The same dynamic is reshaping government contracting.
For decades, contractors competed on reliable execution at scale. AI is collapsing the price of exactly that. When agencies can generate competent first-pass analyses from their own subscriptions, contractors whose work product is indistinguishable from that output have a problem they can't price their way out of.
We're already seeing that pressure arrive. The General Services Administration has been auditing agreements with major firms and pressing them to defend their value beyond speed and cost. Read those audits correctly and they ask one question: what are we paying you for that we cannot now get cheaper somewhere else?
A contractor that has internalized the replacement story has no good answer. If your pitch is doing the same work with fewer people, you've conceded that your value is execution - and execution is exactly what AI is commoditizing. The firms that will win the next decade won't be those that automate the most bodies off contracts. They'll be the ones that can demonstrate what I describe as Original Intelligence: human judgment that departs from what the model would have generated. AI plus that human signal is a defensible value proposition. AI as a headcount-reduction strategy is a race to the bottom.
So what should leaders do?
First, change AI's stated purpose. The goal isn't fewer people producing the same average work. It's the same people producing work the machine cannot while AI carries the genuine drudgery.
Second, measure what is actually at risk. Most AI training teaches people to operate the tools. That's necessary but insufficient. Leaders should measure whether AI strengthens or erodes people's ability to contribute originality, synthesis, and judgment over time.

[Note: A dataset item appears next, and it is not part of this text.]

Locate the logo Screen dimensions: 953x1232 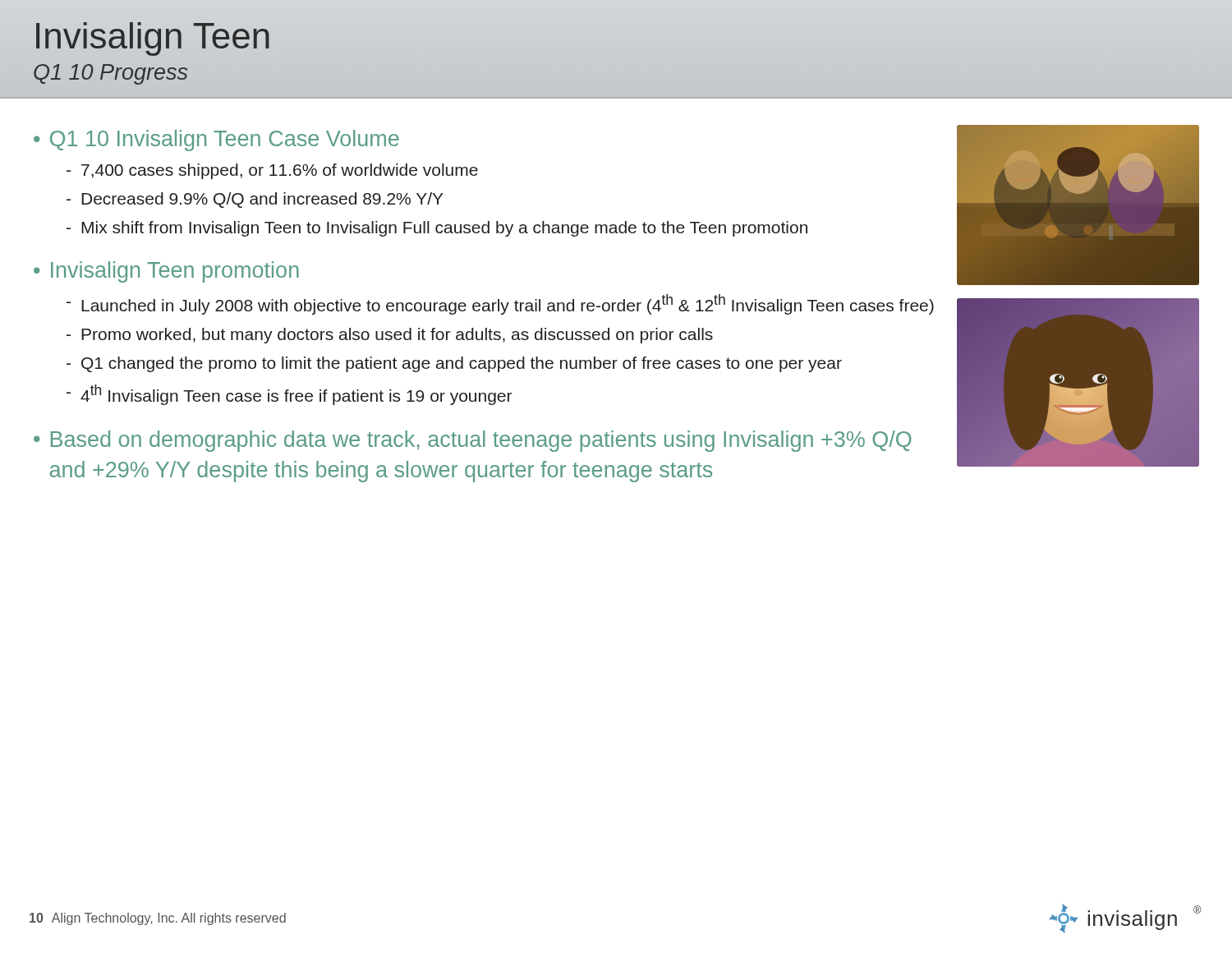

Third, treat public trust as the real product. Citizens accept government decisions because they believe competent, accountable humans stand behind them. AI that produces faster decisions no one can explain or appeal does not build trust - it spends it.
Ultimately, government's AI transformation won't be judged by the technology itself. It will be judged by which agencies and contractors preserved human originality while using AI as a tool rather than a substitute.
The story we tell today about AI adoption will largely decide that outcome.